La gargotte, début du 20ème siècle. Au 19ème, elles étaient souvent en cuivre.
Le 20ème siècle a vu arriver peu à peu de nouveaux habitants à la Boisbonnière et aux alentours, ouvriers, militaires, petits fonctionnaires. Il y avait aussi des cas de très grande pauvreté ; à la Boisbonnière, une maisonnette en bois hébergeait une mère seule avec ses quatre enfants ; la maman avait réussi à trouver un emploi dans la nouvelle zone industrielle de Carquefou, avec bien sûr des horaires de travail extravagants qui imposaient aux enfants de se débrouiller seuls ; un matin, ils partirent à l’école, oubliant la bougie allumée sur la table, et la cabane flamba dans la matinée. L’Étang-Hervé, devenu Gâchet, ne faisait pas partie des « beaux quartiers » nantais ! Les gens du beau monde avaient affublé Gâchet d’une réputation – très injustifiée – de quartier un peu «zonard».

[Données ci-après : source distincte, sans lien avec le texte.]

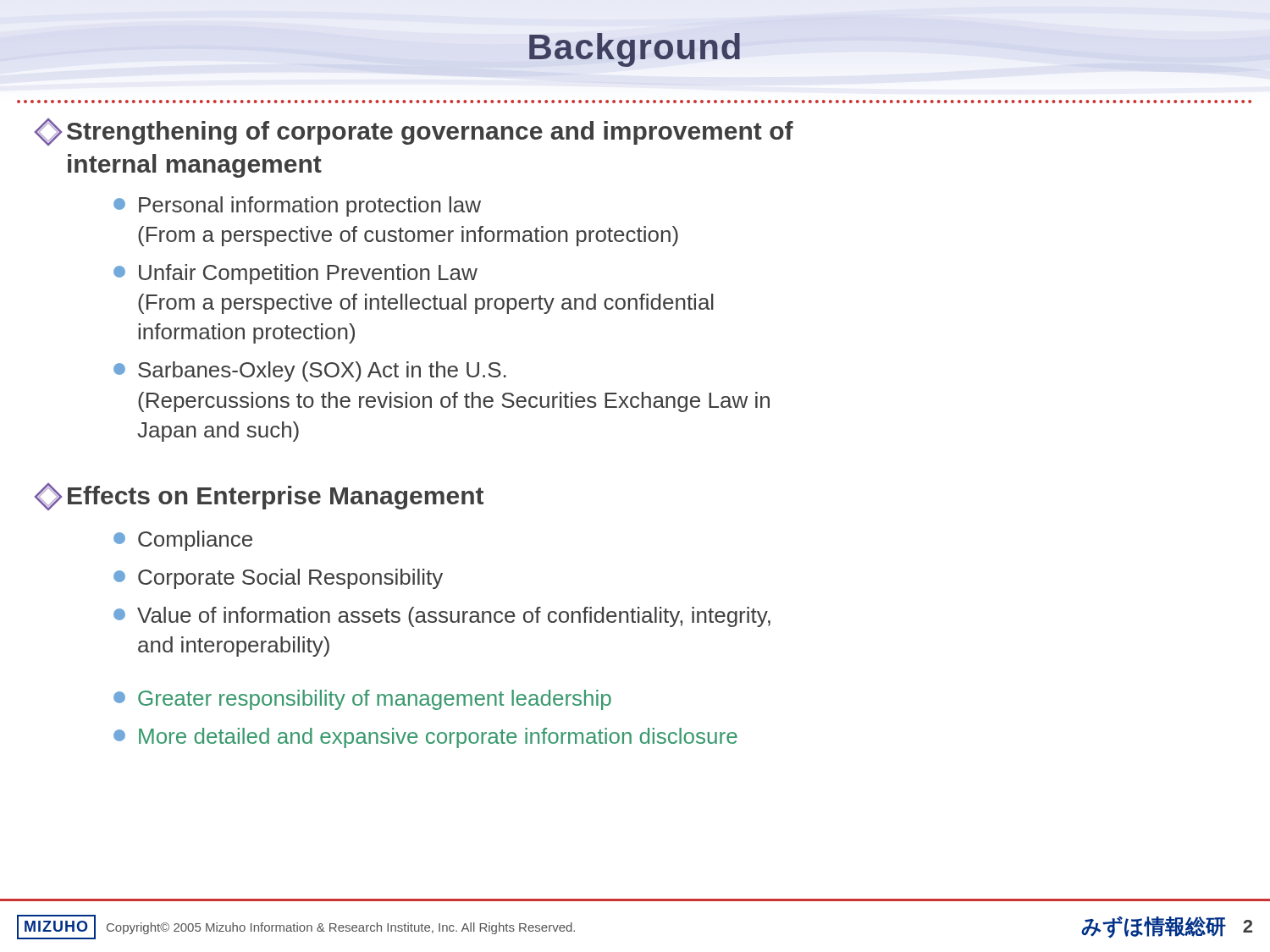
Task: Navigate to the passage starting "Unfair Competition Prevention Law(From a perspective"
Action: tap(412, 303)

Dans les années 1970, les héritiers du transporteur Charles Drouin ont vendu la Chantrerie à la Ville ; l’École Vétérinaire, les laboratoires vétérinaires départementaux et le parc public ont remplacé le domaine privé. Les anciennes terres du domaine de Saint-Pern ont accueilli d’abord l’usine Matra-Harris, puis les grandes écoles d’Atlanpole. Deux fermes ont continué de fonctionner encore pendant quelques années : celle de M. Hémion à la Brégeonnière, celle de M. Dudouet à Terre-Neuve. À la fin des années 1960, les vieux villages ont commencé à s’entourer de maisons neuves. Jusqu’aux années 1960, notre quartier était classé en zone semi-rurale ; il fallait donc posséder au moins 2 000 m2 pour obtenir un permis de construire, mais le terrain ne valait pas bien cher. Le service d’eau n’est arrivé qu’en 1969 à la Boisbonnière, le tout à l’égout n’a été installé que vers 1980 ; ce n’est qu’avec l’arrivée et l’extension d’Atlanpole que les quatre bus quotidiens ont vu leur fréquence augmenter. Aujourd’hui, les règlements se sont bien assouplis ! Le vieux chemin de la Boisbonnière va se faire une beauté, et Gâchet est devenu un secteur recherché de la ville de Nantes.